The following question is taken from Arrows, Structures and Functors by Arbib and Manes.
For each set $A$, the set $A*$ of all 'words on the alphabet $A$' may be defined as
$$A*=\coprod_{n=0}^{\infty}A^n$$
where $A^0=\{\land\}$ 'the empty word', $A^{n+1}=A^n\times A$). Why can't we use an ordinary union" [Hint: Construct a set $A$ such that $A\cap(A\times A) \neq \emptyset$]

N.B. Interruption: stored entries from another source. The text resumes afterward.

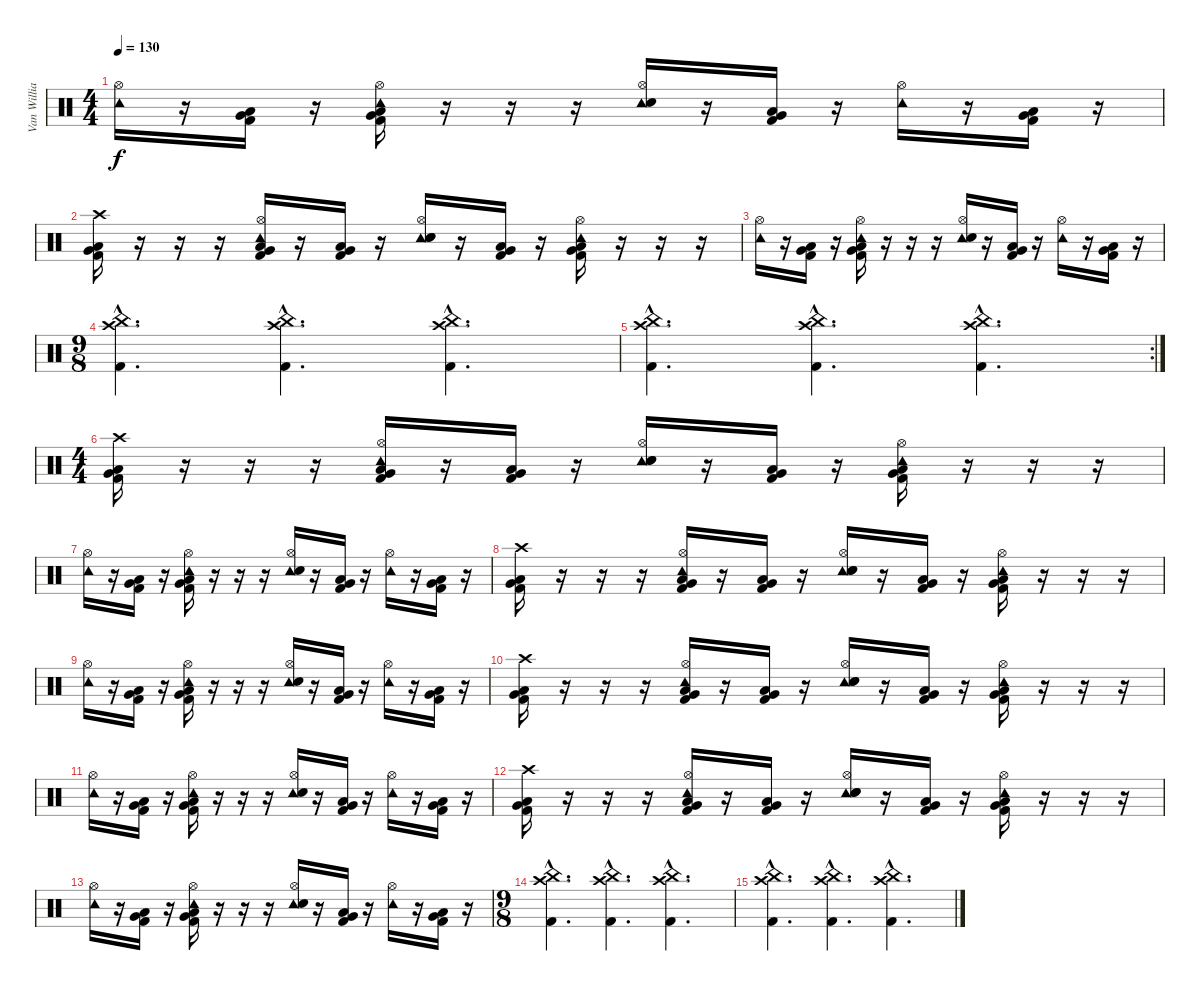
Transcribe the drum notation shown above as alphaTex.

\track ("Van Williams" "Van Willia") {instrument percussion}
\staff {score}
\articulation defaults
\ts (4 4)
\tempo 130
\clef neutral
\ks c
("Tambourine (hit)" "Hi-Hat (open)").16{dy f} r.16 ("Kick (hit) 2" "Very Low Tom (hit)" "Low Floor Tom (hit)").16 r.16 ("Tambourine (hit)" "Hi-Hat (open)" "Kick (hit) 2" "Very Low Tom (hit)" "Low Floor Tom (hit)").16 r.16 r.16 r.16 ("Tambourine (hit)" "Hi-Hat (open)" "Electric Snare (hit)").16 r.16 ("Kick (hit) 2" "Very Low Tom (hit)" "Low Floor Tom (hit)").16 r.16 ("Tambourine (hit)" "Hi-Hat (open)").16 r.16 ("Kick (hit) 2" "Very Low Tom (hit)" "Low Floor Tom (hit)").16 r.16 |
("Crash high (hit)" "Kick (hit) 2" "Very Low Tom (hit)" "Low Floor Tom (hit)").16 r.16 r.16 r.16 ("Tambourine (hit)" "Hi-Hat (open)" "Kick (hit) 2" "Very Low Tom (hit)" "Low Floor Tom (hit)").16 r.16 ("Kick (hit) 2" "Very Low Tom (hit)" "Low Floor Tom (hit)").16 r.16 ("Tambourine (hit)" "Hi-Hat (open)" "Electric Snare (hit)" "Electric Snare (hit)").16 r.16 ("Kick (hit) 2" "Very Low Tom (hit)" "Low Floor Tom (hit)").16 r.16 ("Tambourine (hit)" "Hi-Hat (open)" "Kick (hit) 2" "Very Low Tom (hit)" "Low Floor Tom (hit)").16 r.16 r.16 r.16 |
("Tambourine (hit)" "Hi-Hat (open)").16 r.16 ("Kick (hit) 2" "Very Low Tom (hit)" "Low Floor Tom (hit)").16 r.16 ("Tambourine (hit)" "Hi-Hat (open)" "Kick (hit) 2" "Very Low Tom (hit)" "Low Floor Tom (hit)").16 r.16 r.16 r.16 ("Tambourine (hit)" "Hi-Hat (open)" "Electric Snare (hit)").16 r.16 ("Kick (hit) 2" "Very Low Tom (hit)" "Low Floor Tom (hit)").16 r.16 ("Tambourine (hit)" "Hi-Hat (open)").16 r.16 ("Kick (hit) 2" "Very Low Tom (hit)" "Low Floor Tom (hit)").16 r.16 |
\ts (9 8)
("China (hit)"{hac} "Crash high (hit)"{hac} "Kick (hit) 2"{hac}).4{d} ("China (hit)"{hac} "Crash high (hit)"{hac} "Kick (hit) 2"{hac}).4{d} ("China (hit)"{hac} "Crash high (hit)"{hac} "Kick (hit) 2"{hac}).4{d} |
\rc 2
("China (hit)"{hac} "Crash high (hit)"{hac} "Kick (hit) 2"{hac}).4{d} ("China (hit)"{hac} "Crash high (hit)"{hac} "Kick (hit) 2"{hac}).4{d} ("China (hit)"{hac} "Crash high (hit)"{hac} "Kick (hit) 2"{hac}).4{d} |
\ts (4 4)
("Crash high (hit)" "Kick (hit) 2" "Very Low Tom (hit)" "Low Floor Tom (hit)").16 r.16 r.16 r.16 ("Tambourine (hit)" "Hi-Hat (open)" "Kick (hit) 2" "Very Low Tom (hit)" "Low Floor Tom (hit)").16 r.16 ("Kick (hit) 2" "Very Low Tom (hit)" "Low Floor Tom (hit)").16 r.16 ("Tambourine (hit)" "Hi-Hat (open)" "Electric Snare (hit)" "Electric Snare (hit)").16 r.16 ("Kick (hit) 2" "Very Low Tom (hit)" "Low Floor Tom (hit)").16 r.16 ("Tambourine (hit)" "Hi-Hat (open)" "Kick (hit) 2" "Very Low Tom (hit)" "Low Floor Tom (hit)").16 r.16 r.16 r.16 |
("Tambourine (hit)" "Hi-Hat (open)").16 r.16 ("Kick (hit) 2" "Very Low Tom (hit)" "Low Floor Tom (hit)").16 r.16 ("Tambourine (hit)" "Hi-Hat (open)" "Kick (hit) 2" "Very Low Tom (hit)" "Low Floor Tom (hit)").16 r.16 r.16 r.16 ("Tambourine (hit)" "Hi-Hat (open)" "Electric Snare (hit)").16 r.16 ("Kick (hit) 2" "Very Low Tom (hit)" "Low Floor Tom (hit)").16 r.16 ("Tambourine (hit)" "Hi-Hat (open)").16 r.16 ("Kick (hit) 2" "Very Low Tom (hit)" "Low Floor Tom (hit)").16 r.16 |
("Crash high (hit)" "Kick (hit) 2" "Very Low Tom (hit)" "Low Floor Tom (hit)").16 r.16 r.16 r.16 ("Tambourine (hit)" "Hi-Hat (open)" "Kick (hit) 2" "Very Low Tom (hit)" "Low Floor Tom (hit)").16 r.16 ("Kick (hit) 2" "Very Low Tom (hit)" "Low Floor Tom (hit)").16 r.16 ("Tambourine (hit)" "Hi-Hat (open)" "Electric Snare (hit)" "Electric Snare (hit)").16 r.16 ("Kick (hit) 2" "Very Low Tom (hit)" "Low Floor Tom (hit)").16 r.16 ("Tambourine (hit)" "Hi-Hat (open)" "Kick (hit) 2" "Very Low Tom (hit)" "Low Floor Tom (hit)").16 r.16 r.16 r.16 |
("Tambourine (hit)" "Hi-Hat (open)").16 r.16 ("Kick (hit) 2" "Very Low Tom (hit)" "Low Floor Tom (hit)").16 r.16 ("Tambourine (hit)" "Hi-Hat (open)" "Kick (hit) 2" "Very Low Tom (hit)" "Low Floor Tom (hit)").16 r.16 r.16 r.16 ("Tambourine (hit)" "Hi-Hat (open)" "Electric Snare (hit)").16 r.16 ("Kick (hit) 2" "Very Low Tom (hit)" "Low Floor Tom (hit)").16 r.16 ("Tambourine (hit)" "Hi-Hat (open)").16 r.16 ("Kick (hit) 2" "Very Low Tom (hit)" "Low Floor Tom (hit)").16 r.16 |
("Crash high (hit)" "Kick (hit) 2" "Very Low Tom (hit)" "Low Floor Tom (hit)").16 r.16 r.16 r.16 ("Tambourine (hit)" "Hi-Hat (open)" "Kick (hit) 2" "Very Low Tom (hit)" "Low Floor Tom (hit)").16 r.16 ("Kick (hit) 2" "Very Low Tom (hit)" "Low Floor Tom (hit)").16 r.16 ("Tambourine (hit)" "Hi-Hat (open)" "Electric Snare (hit)" "Electric Snare (hit)").16 r.16 ("Kick (hit) 2" "Very Low Tom (hit)" "Low Floor Tom (hit)").16 r.16 ("Tambourine (hit)" "Hi-Hat (open)" "Kick (hit) 2" "Very Low Tom (hit)" "Low Floor Tom (hit)").16 r.16 r.16 r.16 |
("Tambourine (hit)" "Hi-Hat (open)").16 r.16 ("Kick (hit) 2" "Very Low Tom (hit)" "Low Floor Tom (hit)").16 r.16 ("Tambourine (hit)" "Hi-Hat (open)" "Kick (hit) 2" "Very Low Tom (hit)" "Low Floor Tom (hit)").16 r.16 r.16 r.16 ("Tambourine (hit)" "Hi-Hat (open)" "Electric Snare (hit)").16 r.16 ("Kick (hit) 2" "Very Low Tom (hit)" "Low Floor Tom (hit)").16 r.16 ("Tambourine (hit)" "Hi-Hat (open)").16 r.16 ("Kick (hit) 2" "Very Low Tom (hit)" "Low Floor Tom (hit)").16 r.16 |
("Crash high (hit)" "Kick (hit) 2" "Very Low Tom (hit)" "Low Floor Tom (hit)").16 r.16 r.16 r.16 ("Tambourine (hit)" "Hi-Hat (open)" "Kick (hit) 2" "Very Low Tom (hit)" "Low Floor Tom (hit)").16 r.16 ("Kick (hit) 2" "Very Low Tom (hit)" "Low Floor Tom (hit)").16 r.16 ("Tambourine (hit)" "Hi-Hat (open)" "Electric Snare (hit)" "Electric Snare (hit)").16 r.16 ("Kick (hit) 2" "Very Low Tom (hit)" "Low Floor Tom (hit)").16 r.16 ("Tambourine (hit)" "Hi-Hat (open)" "Kick (hit) 2" "Very Low Tom (hit)" "Low Floor Tom (hit)").16 r.16 r.16 r.16 |
("Tambourine (hit)" "Hi-Hat (open)").16 r.16 ("Kick (hit) 2" "Very Low Tom (hit)" "Low Floor Tom (hit)").16 r.16 ("Tambourine (hit)" "Hi-Hat (open)" "Kick (hit) 2" "Very Low Tom (hit)" "Low Floor Tom (hit)").16 r.16 r.16 r.16 ("Tambourine (hit)" "Hi-Hat (open)" "Electric Snare (hit)").16 r.16 ("Kick (hit) 2" "Very Low Tom (hit)" "Low Floor Tom (hit)").16 r.16 ("Tambourine (hit)" "Hi-Hat (open)").16 r.16 ("Kick (hit) 2" "Very Low Tom (hit)" "Low Floor Tom (hit)").16 r.16 |
\ts (9 8)
("China (hit)"{hac} "Crash high (hit)"{hac} "Kick (hit) 2"{hac}).4{d} ("China (hit)"{hac} "Crash high (hit)"{hac} "Kick (hit) 2"{hac}).4{d} ("China (hit)"{hac} "Crash high (hit)"{hac} "Kick (hit) 2"{hac}).4{d} |
("China (hit)"{hac} "Crash high (hit)"{hac} "Kick (hit) 2"{hac}).4{d} ("China (hit)"{hac} "Crash high (hit)"{hac} "Kick (hit) 2"{hac}).4{d} ("China (hit)"{hac} "Crash high (hit)"{hac} "Kick (hit) 2"{hac}).4{d}

I try to create the non empty set in the hint, but this is my result:
$\text{If we have the alphabet}$ $\sigma=\{0,1\}$
and set $A=\{00, 01\}$, then for $n=2,$
$A\times A=A^2=\{0000, 0001, 0100, 0101\},$ $\text{don't we then have}$
$A\cap(A\times A)=\emptyset$, but with $A \cup (A\times A)=\{00, 01, 0000, 0001, 0100, 0101\}$
I am obviously doing something wrong. My knowledge about formal language and automata are almost non existent other than knowing how to do rudimentary set theoretic operations with them. Can someone give me some help me solving this question and also point out where I am going wrong or points my misunderstanding or insufficient understanding.
Thank you in advance.